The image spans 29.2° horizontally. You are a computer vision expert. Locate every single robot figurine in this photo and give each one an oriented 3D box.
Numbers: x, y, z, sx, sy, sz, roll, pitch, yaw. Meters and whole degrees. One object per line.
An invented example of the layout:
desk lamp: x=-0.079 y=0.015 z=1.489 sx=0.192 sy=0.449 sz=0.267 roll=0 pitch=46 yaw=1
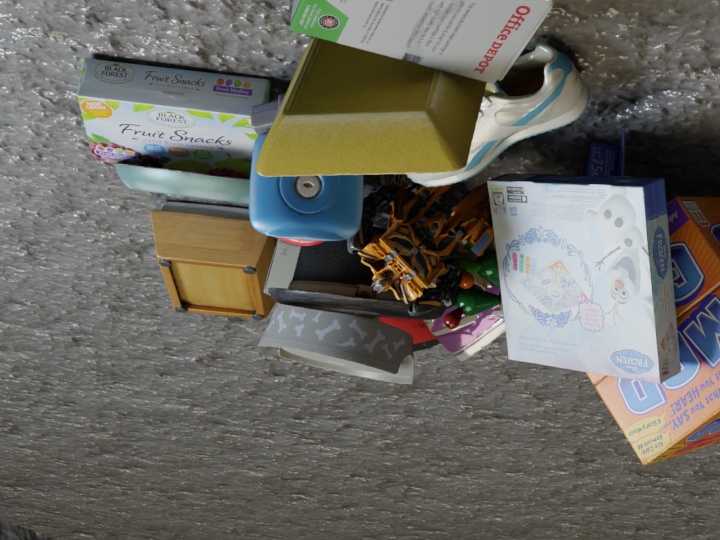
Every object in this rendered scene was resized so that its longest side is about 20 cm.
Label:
robot figurine: x=0.074 y=-0.050 z=1.455 sx=0.145 sy=0.200 sz=0.058 roll=44 pitch=147 yaw=-7

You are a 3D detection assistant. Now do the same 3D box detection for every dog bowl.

..............................

Problem requirements >> Repeat the records above word for word, keeping no pictures in the copy.

Solution for this problem >>
The image spans 29.2° horizontally. You are a computer vision expert. Locate every single robot figurine in this photo and give each one an oriented 3D box.
Numbers: x, y, z, sx, sy, sz, roll, pitch, yaw. Meters and whole degrees. One object per line.
An invented example of the layout:
desk lamp: x=-0.079 y=0.015 z=1.489 sx=0.192 sy=0.449 sz=0.267 roll=0 pitch=46 yaw=1
Every object in this rendered scene was resized so that its longest side is about 20 cm.
Label:
robot figurine: x=0.074 y=-0.050 z=1.455 sx=0.145 sy=0.200 sz=0.058 roll=44 pitch=147 yaw=-7

You are a 3D detection assistant. Now do the same 3D box detection for every dog bowl.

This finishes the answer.